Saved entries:
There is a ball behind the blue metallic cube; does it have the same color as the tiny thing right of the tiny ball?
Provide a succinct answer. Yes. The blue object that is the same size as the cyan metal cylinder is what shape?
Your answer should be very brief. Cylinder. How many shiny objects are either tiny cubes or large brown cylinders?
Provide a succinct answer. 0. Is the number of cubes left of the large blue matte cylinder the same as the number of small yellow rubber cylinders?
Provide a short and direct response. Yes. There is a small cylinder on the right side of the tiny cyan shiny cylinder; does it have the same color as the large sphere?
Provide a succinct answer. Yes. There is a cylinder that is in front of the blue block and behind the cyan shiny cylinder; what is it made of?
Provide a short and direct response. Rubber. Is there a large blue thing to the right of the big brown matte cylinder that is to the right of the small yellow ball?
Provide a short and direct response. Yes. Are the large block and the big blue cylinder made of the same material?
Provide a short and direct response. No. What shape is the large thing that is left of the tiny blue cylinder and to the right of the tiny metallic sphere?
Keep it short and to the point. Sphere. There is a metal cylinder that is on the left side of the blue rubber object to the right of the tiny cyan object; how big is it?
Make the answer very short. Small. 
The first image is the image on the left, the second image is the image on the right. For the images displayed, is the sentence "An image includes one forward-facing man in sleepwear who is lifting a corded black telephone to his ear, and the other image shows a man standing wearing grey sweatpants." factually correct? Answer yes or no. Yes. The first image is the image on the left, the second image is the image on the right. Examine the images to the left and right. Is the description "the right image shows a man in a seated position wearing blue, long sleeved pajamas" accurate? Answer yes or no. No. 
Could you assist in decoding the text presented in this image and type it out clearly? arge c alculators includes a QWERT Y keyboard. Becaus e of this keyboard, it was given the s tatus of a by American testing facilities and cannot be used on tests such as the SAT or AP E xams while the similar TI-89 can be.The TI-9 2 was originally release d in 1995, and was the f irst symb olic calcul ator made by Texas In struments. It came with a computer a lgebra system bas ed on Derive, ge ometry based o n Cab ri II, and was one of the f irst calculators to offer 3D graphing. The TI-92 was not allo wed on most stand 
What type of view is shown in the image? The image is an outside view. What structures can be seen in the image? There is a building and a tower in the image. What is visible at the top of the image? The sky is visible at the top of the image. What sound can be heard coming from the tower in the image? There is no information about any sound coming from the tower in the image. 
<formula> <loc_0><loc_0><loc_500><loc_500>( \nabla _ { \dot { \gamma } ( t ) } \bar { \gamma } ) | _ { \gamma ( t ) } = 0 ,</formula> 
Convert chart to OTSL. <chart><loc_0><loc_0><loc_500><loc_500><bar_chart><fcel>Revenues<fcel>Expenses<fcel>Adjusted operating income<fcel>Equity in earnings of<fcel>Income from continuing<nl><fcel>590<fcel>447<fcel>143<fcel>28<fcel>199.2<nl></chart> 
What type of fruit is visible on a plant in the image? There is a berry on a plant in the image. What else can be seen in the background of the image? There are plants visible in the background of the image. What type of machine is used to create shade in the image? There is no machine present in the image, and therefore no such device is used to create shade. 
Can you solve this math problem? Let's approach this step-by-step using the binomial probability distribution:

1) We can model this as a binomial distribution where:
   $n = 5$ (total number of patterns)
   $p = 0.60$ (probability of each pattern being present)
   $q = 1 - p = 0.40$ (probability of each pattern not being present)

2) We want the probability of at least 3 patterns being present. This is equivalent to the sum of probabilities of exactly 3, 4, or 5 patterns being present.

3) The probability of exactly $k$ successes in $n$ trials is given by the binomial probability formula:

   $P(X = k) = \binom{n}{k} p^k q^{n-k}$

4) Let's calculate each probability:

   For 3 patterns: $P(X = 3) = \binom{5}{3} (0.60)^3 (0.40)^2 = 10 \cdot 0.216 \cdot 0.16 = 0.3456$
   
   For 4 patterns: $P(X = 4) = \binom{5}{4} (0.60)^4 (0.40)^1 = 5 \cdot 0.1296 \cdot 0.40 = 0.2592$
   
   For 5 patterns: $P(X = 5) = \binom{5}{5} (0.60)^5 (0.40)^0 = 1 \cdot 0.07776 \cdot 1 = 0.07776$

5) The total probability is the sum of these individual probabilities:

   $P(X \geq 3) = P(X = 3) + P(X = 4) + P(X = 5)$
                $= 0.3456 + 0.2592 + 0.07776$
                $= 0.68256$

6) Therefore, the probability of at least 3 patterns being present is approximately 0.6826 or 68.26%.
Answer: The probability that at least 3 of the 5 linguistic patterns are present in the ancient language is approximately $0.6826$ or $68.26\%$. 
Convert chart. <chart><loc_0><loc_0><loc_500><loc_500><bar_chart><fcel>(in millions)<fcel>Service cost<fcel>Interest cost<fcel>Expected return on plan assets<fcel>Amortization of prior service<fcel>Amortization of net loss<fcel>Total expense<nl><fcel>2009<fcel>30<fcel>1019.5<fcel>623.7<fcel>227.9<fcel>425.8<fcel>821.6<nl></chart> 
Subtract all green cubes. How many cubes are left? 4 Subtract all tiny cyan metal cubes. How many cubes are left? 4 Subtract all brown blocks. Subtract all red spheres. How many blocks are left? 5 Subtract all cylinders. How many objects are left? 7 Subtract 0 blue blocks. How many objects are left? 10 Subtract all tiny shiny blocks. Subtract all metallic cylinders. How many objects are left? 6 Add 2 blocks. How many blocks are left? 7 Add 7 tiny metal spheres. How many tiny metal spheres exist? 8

#### Your task:
Select every line above that contains the word "thing", and copy it.

#### Exercise result:
There is a ball behind the blue metallic cube; does it have the same color as the tiny thing right of the tiny ball?
Provide a short and direct response. Rubber. Is there a large blue thing to the right of the big brown matte cylinder that is to the right of the small yellow ball?
Provide a short and direct response. No. What shape is the large thing that is left of the tiny blue cylinder and to the right of the tiny metallic sphere?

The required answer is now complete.